Proposal for a new I/O library design

Tomasz Zielonka t.zielonka@students.mimuw.edu.pl
Mon, 28 Jul 2003 19:29:42 +0200


On Mon, Jul 28, 2003 at 12:56:04PM -0500, Tim Sweeney wrote:
> Ben,
> 
> I live in a different universe, but over here I prefer to represent files
> purely as memory-mapped objects.  In this view, there is no difference
> between a read-only file and an immutable array of bytes (a byte being a
> natural number between 0 to 255).  A read-write file is then equivalant to a
> mutable array (or a reference to a mutable array on a heap) of the same.
> Treating these all as heap references tends to be cleaner, because you can
> compare the references for equality, which is significant even for read-only
> files, because two files which contain the same exact data are not
> necessarily the same file, whereas opening the same file in two different
> places should result in equal references.
>
> [...]
> 
> In this manner, it's possible to get rid of all remnants of Unix-like
> streams from a language's IO interface.

You certainly can't always mmap the whole file into memory at once (on a
32-bit architecture at least), because:
1) there are files that won't fit into 32-bit address space
2) ... and usually you don't have the whole address space for you.

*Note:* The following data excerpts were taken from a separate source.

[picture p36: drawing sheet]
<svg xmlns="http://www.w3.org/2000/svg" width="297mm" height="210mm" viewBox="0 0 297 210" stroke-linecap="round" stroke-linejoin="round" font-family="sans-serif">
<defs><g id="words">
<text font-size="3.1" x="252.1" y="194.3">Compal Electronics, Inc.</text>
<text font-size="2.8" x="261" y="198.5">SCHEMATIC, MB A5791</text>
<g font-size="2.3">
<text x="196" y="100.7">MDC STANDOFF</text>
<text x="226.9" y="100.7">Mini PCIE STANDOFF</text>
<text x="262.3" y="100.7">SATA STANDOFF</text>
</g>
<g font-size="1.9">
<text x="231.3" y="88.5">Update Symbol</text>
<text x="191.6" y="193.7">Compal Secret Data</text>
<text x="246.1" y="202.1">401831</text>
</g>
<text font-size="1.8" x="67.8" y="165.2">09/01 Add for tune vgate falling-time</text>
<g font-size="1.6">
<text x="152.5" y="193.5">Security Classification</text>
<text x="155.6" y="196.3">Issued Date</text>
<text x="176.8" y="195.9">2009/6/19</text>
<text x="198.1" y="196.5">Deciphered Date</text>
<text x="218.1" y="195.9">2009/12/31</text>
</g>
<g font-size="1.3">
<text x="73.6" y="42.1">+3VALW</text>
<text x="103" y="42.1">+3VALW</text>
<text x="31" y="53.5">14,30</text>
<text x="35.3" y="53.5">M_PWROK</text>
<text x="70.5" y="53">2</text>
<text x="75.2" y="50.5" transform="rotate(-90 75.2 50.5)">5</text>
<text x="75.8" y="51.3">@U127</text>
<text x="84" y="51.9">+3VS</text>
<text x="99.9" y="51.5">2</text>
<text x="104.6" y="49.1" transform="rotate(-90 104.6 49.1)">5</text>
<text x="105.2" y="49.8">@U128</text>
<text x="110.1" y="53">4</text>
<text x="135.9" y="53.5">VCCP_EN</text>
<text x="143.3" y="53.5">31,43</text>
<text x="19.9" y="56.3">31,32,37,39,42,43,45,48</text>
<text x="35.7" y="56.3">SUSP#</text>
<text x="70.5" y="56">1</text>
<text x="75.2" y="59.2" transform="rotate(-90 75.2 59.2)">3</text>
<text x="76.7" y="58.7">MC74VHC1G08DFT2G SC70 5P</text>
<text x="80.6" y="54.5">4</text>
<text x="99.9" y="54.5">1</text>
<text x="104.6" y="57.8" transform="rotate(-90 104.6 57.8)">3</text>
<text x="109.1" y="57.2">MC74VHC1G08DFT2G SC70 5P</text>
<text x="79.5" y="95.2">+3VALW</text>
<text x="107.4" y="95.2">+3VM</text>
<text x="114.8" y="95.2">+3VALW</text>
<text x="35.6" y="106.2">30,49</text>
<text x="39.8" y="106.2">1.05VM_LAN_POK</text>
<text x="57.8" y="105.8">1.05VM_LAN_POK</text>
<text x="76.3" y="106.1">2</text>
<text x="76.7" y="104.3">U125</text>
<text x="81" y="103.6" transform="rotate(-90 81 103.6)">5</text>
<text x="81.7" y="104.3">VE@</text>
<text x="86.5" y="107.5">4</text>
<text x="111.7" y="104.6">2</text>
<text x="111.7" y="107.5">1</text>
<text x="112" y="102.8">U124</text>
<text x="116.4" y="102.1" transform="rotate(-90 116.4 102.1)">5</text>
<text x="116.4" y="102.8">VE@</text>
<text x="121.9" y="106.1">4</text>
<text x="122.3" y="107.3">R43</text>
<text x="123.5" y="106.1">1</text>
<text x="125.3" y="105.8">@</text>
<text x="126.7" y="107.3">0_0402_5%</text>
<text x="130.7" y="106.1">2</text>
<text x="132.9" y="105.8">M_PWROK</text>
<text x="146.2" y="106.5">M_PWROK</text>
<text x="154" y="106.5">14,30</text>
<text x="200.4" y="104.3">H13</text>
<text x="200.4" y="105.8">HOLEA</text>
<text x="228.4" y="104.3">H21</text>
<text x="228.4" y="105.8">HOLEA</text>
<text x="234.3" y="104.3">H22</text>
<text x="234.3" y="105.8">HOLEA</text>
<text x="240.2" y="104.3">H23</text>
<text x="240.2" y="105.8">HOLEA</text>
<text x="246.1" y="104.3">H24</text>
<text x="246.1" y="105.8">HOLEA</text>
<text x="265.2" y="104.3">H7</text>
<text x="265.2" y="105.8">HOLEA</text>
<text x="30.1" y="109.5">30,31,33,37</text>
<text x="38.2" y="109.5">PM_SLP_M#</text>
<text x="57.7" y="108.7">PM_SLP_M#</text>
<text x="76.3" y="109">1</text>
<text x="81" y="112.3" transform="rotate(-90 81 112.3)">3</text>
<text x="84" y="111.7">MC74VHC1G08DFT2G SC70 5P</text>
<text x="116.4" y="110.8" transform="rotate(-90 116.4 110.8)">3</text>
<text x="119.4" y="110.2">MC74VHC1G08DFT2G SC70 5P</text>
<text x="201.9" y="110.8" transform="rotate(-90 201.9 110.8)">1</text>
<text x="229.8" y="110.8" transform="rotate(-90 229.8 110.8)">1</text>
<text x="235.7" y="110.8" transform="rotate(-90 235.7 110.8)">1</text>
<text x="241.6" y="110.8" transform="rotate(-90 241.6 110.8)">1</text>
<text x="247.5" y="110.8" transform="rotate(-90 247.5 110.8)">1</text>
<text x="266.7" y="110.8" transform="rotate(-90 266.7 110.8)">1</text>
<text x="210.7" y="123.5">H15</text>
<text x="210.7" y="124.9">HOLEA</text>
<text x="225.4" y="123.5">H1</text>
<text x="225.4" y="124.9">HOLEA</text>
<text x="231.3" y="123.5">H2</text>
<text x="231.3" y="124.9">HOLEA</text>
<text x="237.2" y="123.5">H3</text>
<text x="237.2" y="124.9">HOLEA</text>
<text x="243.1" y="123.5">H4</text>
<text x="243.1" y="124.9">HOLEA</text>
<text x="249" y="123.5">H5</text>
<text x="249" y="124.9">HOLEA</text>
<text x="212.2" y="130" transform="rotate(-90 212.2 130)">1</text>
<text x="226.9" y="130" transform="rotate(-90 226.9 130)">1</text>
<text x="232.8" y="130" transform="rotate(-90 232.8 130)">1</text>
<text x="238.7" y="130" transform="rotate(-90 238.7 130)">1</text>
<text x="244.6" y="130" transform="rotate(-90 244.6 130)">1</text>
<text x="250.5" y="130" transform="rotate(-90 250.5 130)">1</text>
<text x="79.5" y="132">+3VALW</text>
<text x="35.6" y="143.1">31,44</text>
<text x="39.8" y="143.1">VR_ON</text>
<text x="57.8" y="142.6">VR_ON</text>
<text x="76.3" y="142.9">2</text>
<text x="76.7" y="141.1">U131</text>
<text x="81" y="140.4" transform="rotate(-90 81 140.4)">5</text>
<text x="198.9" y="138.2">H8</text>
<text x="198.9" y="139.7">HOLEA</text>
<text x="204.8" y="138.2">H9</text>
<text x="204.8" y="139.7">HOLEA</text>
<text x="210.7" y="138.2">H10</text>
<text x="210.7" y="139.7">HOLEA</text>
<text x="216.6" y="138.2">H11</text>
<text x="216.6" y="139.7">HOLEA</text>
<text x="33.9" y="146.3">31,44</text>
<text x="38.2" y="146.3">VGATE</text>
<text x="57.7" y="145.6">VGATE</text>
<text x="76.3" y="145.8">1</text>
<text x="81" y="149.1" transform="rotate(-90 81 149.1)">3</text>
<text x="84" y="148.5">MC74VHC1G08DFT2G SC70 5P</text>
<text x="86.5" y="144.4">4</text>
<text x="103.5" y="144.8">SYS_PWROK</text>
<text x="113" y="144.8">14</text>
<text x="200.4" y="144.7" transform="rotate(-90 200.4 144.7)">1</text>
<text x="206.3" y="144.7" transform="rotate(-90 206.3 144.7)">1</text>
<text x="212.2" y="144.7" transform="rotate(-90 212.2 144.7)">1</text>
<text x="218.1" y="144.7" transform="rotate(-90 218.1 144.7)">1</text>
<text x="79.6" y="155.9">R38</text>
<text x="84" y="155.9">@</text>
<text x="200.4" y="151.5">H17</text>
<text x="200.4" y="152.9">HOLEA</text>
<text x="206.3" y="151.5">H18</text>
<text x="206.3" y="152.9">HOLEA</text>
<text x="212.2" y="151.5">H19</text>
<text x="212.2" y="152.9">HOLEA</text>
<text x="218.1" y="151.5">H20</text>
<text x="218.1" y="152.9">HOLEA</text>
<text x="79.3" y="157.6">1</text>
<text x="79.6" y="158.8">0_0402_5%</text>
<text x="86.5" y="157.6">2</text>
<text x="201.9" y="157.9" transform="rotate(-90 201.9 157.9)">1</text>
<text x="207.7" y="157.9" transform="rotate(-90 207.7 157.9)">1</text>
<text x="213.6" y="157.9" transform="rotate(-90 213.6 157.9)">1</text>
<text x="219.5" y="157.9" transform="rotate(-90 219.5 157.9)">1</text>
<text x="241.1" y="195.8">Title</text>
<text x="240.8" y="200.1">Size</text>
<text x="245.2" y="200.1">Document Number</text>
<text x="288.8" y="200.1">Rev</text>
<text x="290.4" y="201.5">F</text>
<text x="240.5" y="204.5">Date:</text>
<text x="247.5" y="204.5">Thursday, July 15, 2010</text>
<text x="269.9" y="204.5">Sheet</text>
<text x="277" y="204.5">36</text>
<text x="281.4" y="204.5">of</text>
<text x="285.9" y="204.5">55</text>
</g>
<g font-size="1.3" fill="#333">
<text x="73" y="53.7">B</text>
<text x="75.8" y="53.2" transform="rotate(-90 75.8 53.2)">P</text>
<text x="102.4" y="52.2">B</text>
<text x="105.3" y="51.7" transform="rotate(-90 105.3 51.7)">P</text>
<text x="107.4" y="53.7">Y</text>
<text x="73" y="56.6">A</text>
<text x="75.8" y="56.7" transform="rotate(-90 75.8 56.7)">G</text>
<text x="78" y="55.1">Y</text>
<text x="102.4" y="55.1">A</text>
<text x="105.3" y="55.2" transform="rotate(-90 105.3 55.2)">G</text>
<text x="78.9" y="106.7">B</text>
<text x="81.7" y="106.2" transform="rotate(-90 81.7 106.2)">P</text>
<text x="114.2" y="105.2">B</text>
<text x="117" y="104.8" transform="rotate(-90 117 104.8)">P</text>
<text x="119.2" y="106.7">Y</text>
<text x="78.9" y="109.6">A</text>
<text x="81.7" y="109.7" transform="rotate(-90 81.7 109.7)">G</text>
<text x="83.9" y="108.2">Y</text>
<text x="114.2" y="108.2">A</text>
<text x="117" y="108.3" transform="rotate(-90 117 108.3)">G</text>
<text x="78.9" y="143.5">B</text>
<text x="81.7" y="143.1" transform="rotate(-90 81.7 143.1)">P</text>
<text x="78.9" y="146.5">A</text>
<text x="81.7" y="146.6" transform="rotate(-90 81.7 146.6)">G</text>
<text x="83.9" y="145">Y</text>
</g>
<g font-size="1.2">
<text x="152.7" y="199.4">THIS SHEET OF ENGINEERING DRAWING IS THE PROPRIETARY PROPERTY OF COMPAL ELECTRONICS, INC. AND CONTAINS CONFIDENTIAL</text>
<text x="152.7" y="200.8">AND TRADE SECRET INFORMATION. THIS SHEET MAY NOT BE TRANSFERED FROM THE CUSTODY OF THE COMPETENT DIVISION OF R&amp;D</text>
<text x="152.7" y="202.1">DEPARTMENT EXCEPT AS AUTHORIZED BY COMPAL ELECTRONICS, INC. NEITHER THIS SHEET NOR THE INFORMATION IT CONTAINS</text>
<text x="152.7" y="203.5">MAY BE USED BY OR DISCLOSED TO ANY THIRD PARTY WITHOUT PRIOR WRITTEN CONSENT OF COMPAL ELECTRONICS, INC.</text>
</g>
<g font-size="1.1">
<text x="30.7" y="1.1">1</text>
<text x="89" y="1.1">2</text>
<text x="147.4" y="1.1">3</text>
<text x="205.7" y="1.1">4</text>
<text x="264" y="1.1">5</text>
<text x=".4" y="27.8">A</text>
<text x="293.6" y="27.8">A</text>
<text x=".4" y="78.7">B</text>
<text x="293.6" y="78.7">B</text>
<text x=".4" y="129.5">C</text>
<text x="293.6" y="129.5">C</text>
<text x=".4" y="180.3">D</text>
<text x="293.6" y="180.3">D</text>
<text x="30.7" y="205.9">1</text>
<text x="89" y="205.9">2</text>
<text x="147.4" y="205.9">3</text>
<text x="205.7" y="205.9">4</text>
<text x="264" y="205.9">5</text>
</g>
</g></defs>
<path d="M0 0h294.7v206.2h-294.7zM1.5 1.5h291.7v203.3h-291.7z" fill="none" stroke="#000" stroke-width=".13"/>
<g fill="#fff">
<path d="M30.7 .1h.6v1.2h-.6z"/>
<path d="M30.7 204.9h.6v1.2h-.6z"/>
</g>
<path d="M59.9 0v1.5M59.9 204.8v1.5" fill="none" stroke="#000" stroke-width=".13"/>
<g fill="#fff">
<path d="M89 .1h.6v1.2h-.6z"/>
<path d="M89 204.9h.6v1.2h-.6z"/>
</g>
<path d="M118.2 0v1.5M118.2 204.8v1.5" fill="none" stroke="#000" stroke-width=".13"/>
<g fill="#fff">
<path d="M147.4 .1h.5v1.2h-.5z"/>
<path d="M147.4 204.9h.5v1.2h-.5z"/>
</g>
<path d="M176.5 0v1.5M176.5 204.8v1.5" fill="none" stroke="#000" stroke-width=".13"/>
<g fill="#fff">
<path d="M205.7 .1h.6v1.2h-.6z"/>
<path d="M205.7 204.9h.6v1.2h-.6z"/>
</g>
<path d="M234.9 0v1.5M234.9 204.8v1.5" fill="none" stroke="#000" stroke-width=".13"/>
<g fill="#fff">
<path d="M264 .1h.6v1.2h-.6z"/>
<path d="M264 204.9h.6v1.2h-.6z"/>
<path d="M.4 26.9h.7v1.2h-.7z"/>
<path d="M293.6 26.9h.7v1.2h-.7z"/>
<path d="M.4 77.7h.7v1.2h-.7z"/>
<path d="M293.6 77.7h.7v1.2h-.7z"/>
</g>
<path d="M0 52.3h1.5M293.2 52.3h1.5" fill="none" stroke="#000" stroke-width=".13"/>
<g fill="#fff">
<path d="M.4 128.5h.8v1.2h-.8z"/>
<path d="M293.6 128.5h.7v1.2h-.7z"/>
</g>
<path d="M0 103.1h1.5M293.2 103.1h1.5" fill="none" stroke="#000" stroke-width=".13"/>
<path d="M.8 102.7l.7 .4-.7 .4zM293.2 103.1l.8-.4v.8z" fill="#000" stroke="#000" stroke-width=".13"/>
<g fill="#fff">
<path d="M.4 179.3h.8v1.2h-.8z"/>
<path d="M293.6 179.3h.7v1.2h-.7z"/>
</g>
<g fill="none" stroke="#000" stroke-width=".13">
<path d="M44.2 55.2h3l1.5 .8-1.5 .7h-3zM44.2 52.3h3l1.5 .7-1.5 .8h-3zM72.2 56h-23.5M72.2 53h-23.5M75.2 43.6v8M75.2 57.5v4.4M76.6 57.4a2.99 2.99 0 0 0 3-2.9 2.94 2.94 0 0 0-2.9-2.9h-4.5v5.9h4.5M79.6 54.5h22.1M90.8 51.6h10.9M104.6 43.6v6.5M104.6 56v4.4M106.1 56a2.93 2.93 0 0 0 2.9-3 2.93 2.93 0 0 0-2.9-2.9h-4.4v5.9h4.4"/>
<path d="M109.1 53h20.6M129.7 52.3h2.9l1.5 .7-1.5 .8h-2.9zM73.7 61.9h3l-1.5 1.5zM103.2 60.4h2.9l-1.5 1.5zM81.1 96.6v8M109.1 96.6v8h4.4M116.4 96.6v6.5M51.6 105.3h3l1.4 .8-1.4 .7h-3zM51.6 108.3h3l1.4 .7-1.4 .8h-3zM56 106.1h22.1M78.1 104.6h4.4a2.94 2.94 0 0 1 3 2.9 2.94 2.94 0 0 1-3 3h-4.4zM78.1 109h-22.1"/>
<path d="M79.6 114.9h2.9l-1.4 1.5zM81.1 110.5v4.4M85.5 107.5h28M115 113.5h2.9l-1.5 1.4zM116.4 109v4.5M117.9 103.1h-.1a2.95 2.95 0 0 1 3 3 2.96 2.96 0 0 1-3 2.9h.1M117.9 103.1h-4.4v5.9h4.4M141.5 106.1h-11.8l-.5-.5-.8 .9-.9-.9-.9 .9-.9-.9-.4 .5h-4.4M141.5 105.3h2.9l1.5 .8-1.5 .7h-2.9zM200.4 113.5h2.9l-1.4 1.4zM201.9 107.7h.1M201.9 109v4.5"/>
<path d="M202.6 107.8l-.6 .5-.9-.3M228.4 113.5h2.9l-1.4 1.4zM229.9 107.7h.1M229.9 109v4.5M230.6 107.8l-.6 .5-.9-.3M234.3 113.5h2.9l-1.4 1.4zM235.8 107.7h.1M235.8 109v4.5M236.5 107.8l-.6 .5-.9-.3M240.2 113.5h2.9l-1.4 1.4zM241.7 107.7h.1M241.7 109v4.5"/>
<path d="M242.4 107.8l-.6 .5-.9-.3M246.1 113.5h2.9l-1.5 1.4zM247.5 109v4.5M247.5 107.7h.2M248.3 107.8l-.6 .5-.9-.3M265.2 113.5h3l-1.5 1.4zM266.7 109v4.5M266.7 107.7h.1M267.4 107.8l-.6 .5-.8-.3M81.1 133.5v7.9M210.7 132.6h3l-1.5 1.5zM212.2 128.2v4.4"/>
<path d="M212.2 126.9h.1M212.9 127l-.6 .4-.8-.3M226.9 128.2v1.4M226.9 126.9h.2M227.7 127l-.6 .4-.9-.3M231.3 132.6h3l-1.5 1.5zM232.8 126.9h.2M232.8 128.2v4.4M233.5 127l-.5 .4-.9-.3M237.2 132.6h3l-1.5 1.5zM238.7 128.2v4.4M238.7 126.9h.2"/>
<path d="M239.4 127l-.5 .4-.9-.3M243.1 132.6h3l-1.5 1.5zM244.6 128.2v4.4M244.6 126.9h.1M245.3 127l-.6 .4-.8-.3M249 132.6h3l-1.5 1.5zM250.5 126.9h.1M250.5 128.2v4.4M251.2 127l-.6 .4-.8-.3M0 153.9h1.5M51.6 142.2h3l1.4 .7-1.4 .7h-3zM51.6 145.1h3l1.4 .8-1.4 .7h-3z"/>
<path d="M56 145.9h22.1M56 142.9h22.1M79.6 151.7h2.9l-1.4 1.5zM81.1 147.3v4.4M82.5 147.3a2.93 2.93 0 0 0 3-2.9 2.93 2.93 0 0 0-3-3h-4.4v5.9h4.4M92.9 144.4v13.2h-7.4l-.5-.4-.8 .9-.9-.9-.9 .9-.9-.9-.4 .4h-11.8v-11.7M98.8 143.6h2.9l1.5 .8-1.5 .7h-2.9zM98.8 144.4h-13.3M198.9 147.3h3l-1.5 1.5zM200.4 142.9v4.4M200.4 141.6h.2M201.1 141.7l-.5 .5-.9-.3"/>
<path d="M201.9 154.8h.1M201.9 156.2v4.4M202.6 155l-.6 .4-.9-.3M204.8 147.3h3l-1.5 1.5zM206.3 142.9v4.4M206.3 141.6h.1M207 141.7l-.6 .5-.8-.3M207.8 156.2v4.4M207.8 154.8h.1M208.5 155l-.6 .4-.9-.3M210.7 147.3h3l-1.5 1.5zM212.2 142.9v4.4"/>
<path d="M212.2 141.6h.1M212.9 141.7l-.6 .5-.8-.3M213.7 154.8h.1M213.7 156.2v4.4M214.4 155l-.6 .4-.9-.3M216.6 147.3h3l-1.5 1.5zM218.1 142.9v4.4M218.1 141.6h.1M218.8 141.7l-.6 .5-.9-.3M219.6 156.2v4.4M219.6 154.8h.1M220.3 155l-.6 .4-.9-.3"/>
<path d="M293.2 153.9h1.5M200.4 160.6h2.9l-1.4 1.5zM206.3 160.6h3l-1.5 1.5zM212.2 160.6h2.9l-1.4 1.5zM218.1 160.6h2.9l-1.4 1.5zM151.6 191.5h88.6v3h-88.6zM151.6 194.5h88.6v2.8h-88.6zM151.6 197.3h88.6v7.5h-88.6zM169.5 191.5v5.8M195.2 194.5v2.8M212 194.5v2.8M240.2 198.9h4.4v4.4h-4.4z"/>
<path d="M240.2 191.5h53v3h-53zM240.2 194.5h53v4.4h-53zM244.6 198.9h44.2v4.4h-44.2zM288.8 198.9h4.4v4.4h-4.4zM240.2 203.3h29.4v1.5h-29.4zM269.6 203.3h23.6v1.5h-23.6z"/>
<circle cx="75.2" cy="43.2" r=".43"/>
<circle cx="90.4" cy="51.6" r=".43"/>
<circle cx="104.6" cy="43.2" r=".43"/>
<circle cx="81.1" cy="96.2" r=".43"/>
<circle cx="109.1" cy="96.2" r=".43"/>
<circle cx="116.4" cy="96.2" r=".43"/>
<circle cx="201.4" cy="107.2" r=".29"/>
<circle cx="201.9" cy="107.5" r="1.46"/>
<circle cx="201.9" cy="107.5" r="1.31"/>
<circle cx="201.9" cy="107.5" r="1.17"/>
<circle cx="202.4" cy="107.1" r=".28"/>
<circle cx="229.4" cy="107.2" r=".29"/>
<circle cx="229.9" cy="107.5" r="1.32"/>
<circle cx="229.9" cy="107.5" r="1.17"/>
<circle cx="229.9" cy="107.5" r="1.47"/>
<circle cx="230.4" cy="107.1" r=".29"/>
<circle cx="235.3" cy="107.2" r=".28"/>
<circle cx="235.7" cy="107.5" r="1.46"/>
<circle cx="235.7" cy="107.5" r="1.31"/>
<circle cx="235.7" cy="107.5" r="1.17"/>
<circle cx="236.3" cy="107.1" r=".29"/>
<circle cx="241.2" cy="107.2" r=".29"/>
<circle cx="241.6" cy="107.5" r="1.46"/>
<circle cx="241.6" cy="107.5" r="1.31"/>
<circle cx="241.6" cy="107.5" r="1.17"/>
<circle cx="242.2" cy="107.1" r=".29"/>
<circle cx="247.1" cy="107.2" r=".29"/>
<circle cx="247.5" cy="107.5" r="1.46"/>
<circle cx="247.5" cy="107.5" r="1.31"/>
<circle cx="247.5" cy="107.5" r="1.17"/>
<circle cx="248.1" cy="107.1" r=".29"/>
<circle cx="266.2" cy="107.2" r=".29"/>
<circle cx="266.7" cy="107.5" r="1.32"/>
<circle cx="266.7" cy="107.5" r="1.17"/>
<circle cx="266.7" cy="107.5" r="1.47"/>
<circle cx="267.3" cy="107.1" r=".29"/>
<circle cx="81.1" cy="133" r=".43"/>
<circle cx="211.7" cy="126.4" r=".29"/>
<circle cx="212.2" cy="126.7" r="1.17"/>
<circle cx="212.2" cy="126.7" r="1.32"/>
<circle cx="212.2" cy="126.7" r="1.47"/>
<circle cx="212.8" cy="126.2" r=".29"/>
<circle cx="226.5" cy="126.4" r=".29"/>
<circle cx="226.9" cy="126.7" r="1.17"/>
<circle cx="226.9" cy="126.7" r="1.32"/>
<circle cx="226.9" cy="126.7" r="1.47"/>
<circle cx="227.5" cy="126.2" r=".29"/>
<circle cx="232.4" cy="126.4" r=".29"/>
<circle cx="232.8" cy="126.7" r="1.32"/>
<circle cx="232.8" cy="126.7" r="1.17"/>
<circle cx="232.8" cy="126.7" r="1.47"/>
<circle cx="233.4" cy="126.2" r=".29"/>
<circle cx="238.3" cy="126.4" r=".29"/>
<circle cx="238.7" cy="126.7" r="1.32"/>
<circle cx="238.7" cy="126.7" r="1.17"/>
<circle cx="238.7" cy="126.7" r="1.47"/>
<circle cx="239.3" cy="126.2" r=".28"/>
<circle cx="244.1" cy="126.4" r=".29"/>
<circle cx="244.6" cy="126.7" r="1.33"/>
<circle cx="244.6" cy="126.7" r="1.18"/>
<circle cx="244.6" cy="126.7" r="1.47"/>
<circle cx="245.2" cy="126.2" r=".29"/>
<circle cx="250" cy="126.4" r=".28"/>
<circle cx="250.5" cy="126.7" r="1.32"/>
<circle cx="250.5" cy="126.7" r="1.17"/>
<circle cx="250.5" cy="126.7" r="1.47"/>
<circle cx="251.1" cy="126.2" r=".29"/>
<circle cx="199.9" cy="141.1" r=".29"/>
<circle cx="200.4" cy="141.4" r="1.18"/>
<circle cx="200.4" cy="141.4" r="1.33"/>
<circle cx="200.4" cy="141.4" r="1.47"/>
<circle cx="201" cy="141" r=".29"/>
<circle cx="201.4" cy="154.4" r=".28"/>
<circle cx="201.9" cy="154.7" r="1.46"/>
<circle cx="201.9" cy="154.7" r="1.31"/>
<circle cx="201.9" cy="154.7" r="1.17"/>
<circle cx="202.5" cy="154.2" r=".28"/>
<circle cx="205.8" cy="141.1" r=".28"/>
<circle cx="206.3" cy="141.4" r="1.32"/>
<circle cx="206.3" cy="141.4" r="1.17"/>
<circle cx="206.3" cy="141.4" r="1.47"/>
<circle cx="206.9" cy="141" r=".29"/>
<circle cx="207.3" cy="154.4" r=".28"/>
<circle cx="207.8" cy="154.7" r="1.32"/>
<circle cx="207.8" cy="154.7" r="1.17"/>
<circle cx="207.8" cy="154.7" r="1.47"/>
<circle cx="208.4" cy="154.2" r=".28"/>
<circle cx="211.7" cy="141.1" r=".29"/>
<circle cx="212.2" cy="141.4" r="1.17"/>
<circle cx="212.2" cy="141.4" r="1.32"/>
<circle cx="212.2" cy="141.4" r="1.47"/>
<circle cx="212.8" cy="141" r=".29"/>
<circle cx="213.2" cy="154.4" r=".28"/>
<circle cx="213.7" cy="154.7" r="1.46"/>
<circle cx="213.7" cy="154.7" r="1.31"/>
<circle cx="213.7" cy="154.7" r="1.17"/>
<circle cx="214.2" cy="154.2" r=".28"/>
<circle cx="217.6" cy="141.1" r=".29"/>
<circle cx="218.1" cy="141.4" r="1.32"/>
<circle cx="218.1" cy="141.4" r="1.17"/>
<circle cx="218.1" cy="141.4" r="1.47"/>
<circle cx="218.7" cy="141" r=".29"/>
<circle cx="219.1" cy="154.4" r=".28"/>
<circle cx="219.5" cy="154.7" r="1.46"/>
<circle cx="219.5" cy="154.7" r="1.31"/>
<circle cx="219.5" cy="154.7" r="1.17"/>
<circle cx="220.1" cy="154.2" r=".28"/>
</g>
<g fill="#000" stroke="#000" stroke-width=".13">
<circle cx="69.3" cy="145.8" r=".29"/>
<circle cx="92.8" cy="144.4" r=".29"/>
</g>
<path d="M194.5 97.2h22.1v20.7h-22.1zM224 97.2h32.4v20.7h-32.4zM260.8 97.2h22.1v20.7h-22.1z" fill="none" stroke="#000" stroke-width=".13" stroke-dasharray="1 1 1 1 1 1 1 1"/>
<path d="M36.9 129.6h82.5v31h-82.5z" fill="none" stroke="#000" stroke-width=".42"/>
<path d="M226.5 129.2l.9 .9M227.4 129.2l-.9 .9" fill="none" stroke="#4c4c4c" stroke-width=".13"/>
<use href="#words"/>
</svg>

I
    mean there are mmaped libraries, stack, allocated memory, etc. so the
    address space can be somewhat fragmented.
3) after mmaping many big files (each fitting into 32-bit address space)
    you can run out of address space

I've been bitten by all this problems and now I mmap my files in parts,
mapping and unmapping them as needed. It can be done, but it is no
longer that simple.

> -Tim

Best regards,
Tom

-- 
.signature: Too many levels of symbolic links